Functional serotonin (5-HT) and histamine receptor subtypes were investigated in porcine middle cerebral and ciliary arteries. An H(1) antagonist, mepyramine, antagonized histamine-induced responses with pK(B) values of 8.91-9.10. In the presence of 1 muM mepyramine, however, histamine caused dilation through H(2) receptors in the middle cerebral but not in the ciliary artery. A 5-HT(2A) antagonist, ketanserin, antagonized 5-HT-induced responses, causing rightward shifts in the concentration-response curves with pK(B) values of 8.52-8.71. A 5-HT(1B) antagonist, SB224289, produced rightward shifts of the concentration-response curves to sumatriptan with pK(B) values (6.66) only in the middle cerebral artery. In contrast, a 5-HT(1D) antagonist, BRL15572, had no effect in either artery.
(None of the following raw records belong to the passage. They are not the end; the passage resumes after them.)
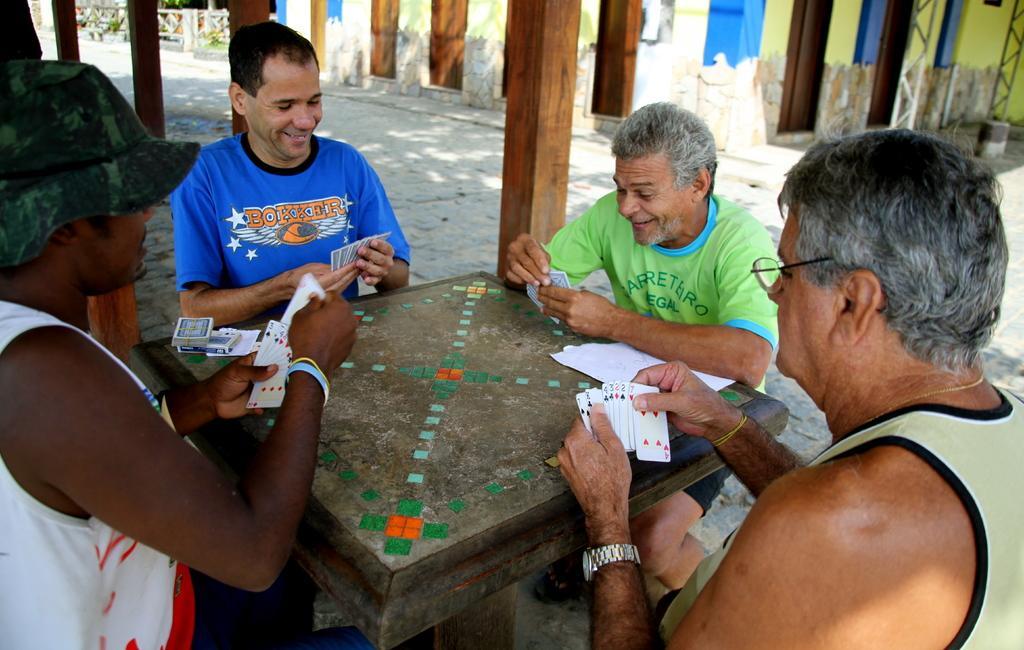Describe this image in one or two sentences. In this image there are four men sitting around a table and playing cards. The person towards the left he is wearing white t shirt and green hat beside him there is another person wearing blue T shirt. The person towards the right he is wearing a cream top and spectacles behind him there is another person wearing green T shirt. In the background there are houses and plants. 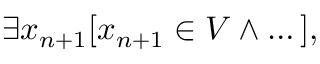<formula> <loc_0><loc_0><loc_500><loc_500>\exists x _ { n + 1 } [ x _ { n + 1 } \in V \land \dots ] ,</formula> 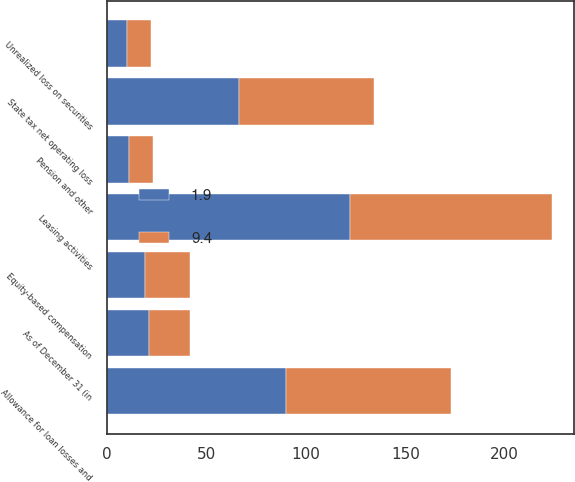Convert chart to OTSL. <chart><loc_0><loc_0><loc_500><loc_500><stacked_bar_chart><ecel><fcel>As of December 31 (in<fcel>Leasing activities<fcel>Allowance for loan losses and<fcel>State tax net operating loss<fcel>Equity-based compensation<fcel>Unrealized loss on securities<fcel>Pension and other<nl><fcel>1.9<fcel>20.95<fcel>122.2<fcel>90.2<fcel>66.3<fcel>19<fcel>10.2<fcel>10.9<nl><fcel>9.4<fcel>20.95<fcel>101.5<fcel>82.7<fcel>68<fcel>22.9<fcel>12<fcel>12.2<nl></chart>

An RT-PCR study demonstrated the gene expression of the mRNAs of all three receptors (5HT(1B), 5HT(1D) and 5HT(2A)) in both arteries. These results suggest that histamine-induced contraction is mediated only through functional H(1) receptor in these arteries. Interestingly, there are functional 5-HT(2A) and 5-HT(1B) receptor subtypes in the middle cerebral artery, whereas the only functional receptor is 5-HT(2A) in the ciliary artery. The difference may be important for treatment with 5-HT(1B/1D) agonists (e.g. for migraine) without ocular side effect.